Il pregio di questo libro, che espone punti di vista non del tutto nuovi, è il sapore scientifico, acquisito attraverso riferimenti a risultati di ricerche fatte da studiosi di neuroscienze. Il cervello umano non ha sviluppato un centro deputato alla lettura (molti umani non leggono) per cui le zone cerebrali dedicate al linguaggio, vista e udito, si sono strettamente collegate per svolgere questo compito.

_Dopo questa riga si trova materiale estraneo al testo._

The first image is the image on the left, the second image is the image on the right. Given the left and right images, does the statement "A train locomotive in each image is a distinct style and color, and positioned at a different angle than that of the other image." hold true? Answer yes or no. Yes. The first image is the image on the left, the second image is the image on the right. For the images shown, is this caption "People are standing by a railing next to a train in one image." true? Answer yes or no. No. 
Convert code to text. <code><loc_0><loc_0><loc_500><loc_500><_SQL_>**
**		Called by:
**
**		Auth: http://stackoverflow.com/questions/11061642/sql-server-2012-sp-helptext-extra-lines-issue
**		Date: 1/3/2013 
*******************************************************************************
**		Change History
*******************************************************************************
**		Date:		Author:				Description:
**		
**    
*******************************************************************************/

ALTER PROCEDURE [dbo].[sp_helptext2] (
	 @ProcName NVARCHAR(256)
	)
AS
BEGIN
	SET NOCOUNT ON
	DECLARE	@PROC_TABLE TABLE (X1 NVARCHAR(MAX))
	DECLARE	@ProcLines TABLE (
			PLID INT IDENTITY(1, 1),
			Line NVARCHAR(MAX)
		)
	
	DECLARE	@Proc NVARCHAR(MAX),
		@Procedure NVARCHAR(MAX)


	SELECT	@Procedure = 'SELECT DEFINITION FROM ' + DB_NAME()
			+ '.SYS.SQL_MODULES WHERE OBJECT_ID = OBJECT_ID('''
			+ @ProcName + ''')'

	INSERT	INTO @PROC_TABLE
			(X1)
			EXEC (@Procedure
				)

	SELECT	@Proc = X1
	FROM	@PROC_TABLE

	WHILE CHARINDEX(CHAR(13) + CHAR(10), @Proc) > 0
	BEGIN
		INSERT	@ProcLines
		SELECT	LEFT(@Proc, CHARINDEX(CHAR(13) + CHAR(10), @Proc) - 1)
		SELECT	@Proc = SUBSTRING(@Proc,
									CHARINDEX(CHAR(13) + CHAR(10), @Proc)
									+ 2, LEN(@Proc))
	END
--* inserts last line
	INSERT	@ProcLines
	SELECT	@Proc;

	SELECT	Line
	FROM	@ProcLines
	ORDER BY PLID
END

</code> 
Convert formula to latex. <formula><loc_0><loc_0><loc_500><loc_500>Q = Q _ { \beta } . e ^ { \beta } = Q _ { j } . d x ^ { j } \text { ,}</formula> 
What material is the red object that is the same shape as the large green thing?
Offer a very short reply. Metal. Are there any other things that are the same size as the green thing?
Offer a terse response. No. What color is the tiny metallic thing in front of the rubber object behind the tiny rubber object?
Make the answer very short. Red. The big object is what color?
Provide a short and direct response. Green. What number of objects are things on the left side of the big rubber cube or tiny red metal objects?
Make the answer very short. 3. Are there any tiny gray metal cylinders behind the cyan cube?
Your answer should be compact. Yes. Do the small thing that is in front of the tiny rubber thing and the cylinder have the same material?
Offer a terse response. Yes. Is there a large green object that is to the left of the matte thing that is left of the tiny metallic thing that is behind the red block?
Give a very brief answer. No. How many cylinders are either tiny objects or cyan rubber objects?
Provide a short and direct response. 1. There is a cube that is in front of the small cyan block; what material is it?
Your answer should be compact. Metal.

E’ dunque lampante il motivo per cui la comprensione necessita di immagini mentali e ritmo.
Quanto rilevato dall’autrice è stato confermato da indagini strumentali con dispositivi di misurazione dei movimenti oculari e soprattutto attraverso la risonanza magnetica funzionale che registra le attivazioni delle varie zone cerebrali durante la lettura.

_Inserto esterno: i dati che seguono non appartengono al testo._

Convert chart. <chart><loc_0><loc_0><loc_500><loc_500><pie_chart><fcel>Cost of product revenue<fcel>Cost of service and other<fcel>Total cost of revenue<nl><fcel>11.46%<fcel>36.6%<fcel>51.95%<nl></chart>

La Douglas riassume il suo metodo di scrittura efficiente nella regola delle 5C – chiarezza, continuità, coerenza, concisione e cadenza – portando esempi pratici di applicazione a ogni tipo di scrittura, dal racconto al testo pubblicitario. Le regole grammaticali e di sintassi proposte, sono note alla maggior parte degli scrittori, benché sovente disattese. L’aspetto interessante è dato dai motivi per i quali soggetti o verbi dovrebbero avere certe collocazioni all’interno della frase, e dall’esplicazione del perché l’uso di verbi d’azione aiuta la comprensione mentre l’impiego di frasi negative o passive la complicano invece.

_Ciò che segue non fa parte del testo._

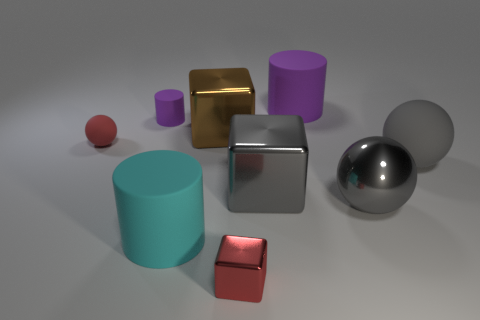How many small objects are to the right of the small red object on the left side of the red block?
Your response must be concise. 2. Is there a blue sphere?
Ensure brevity in your answer.  No. How many other things are the same color as the tiny ball?
Offer a terse response. 1. Are there fewer red rubber spheres than large yellow blocks?
Provide a succinct answer. No. There is a purple matte thing that is right of the block behind the tiny red rubber sphere; what is its shape?
Provide a succinct answer. Cylinder. There is a large purple matte cylinder; are there any large rubber cylinders left of it?
Ensure brevity in your answer.  Yes. The shiny object that is the same size as the red matte ball is what color?
Keep it short and to the point. Red. What number of gray cubes have the same material as the big cyan cylinder?
Your answer should be compact. 0. How many other things are the same size as the brown metallic object?
Provide a short and direct response. 5. Is there a green metallic ball that has the same size as the cyan rubber cylinder?
Provide a short and direct response. No. 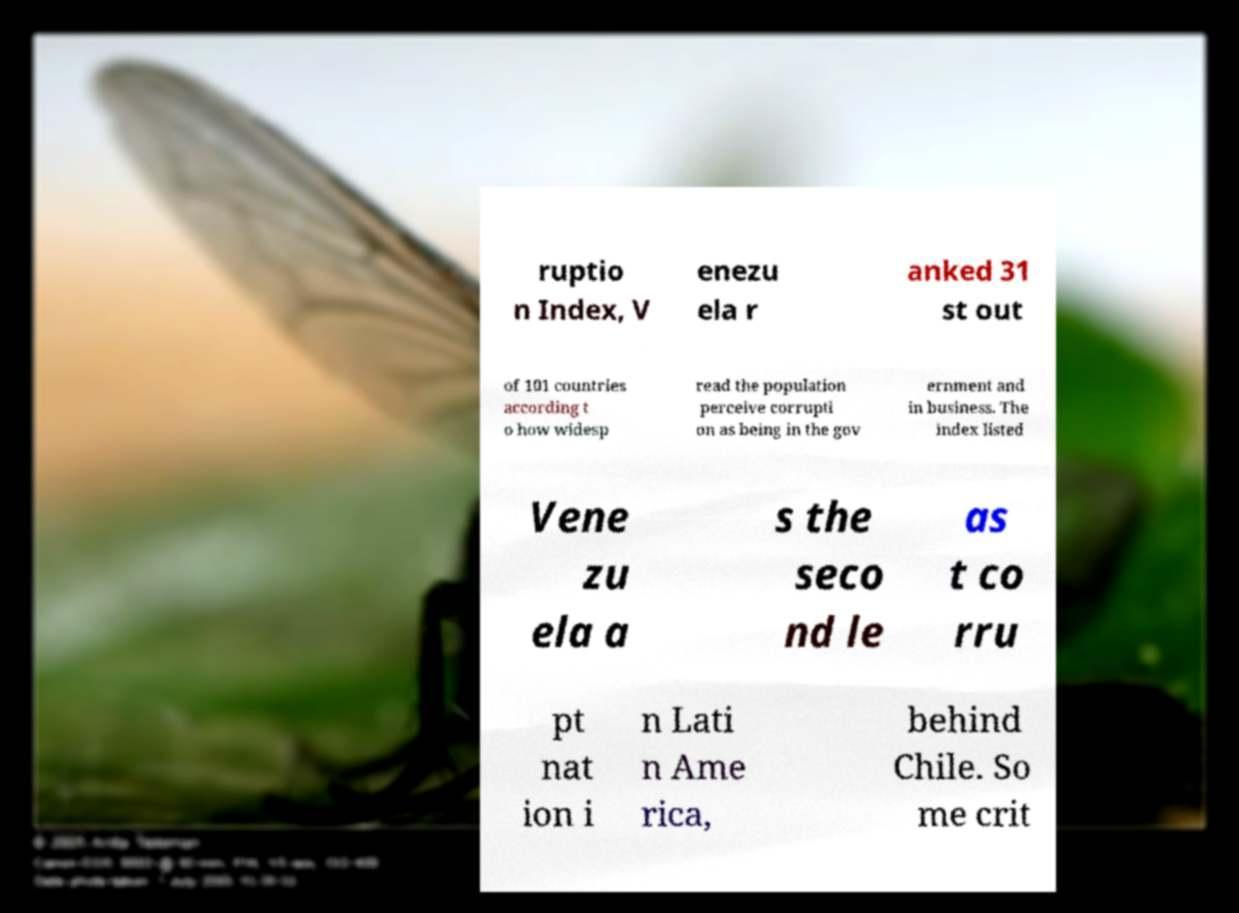Please read and relay the text visible in this image. What does it say? ruptio n Index, V enezu ela r anked 31 st out of 101 countries according t o how widesp read the population perceive corrupti on as being in the gov ernment and in business. The index listed Vene zu ela a s the seco nd le as t co rru pt nat ion i n Lati n Ame rica, behind Chile. So me crit

L’autrice, che si è occupata anche di letteratura elettronica, sa bene che il cervello del lettore moderno non è più quello di cinquant’anni fa e consiglia una scrittura diversa da quella caratterizzante i classici. La mente umana è diventata televisiva, gli schemi che la ordinano sono aumentati e la classificazione è più raffinata. Il lettore ha bisogno di immagini mentali immediate, non ama dover tornare indietro per recuperare il soggetto perso a metà strada e preferisce gli scritti ordinati in progressione, come il tempo che passa. Tutto questo sembra logico e scontato per i lettori ma pare che non lo sia per gli scrittori.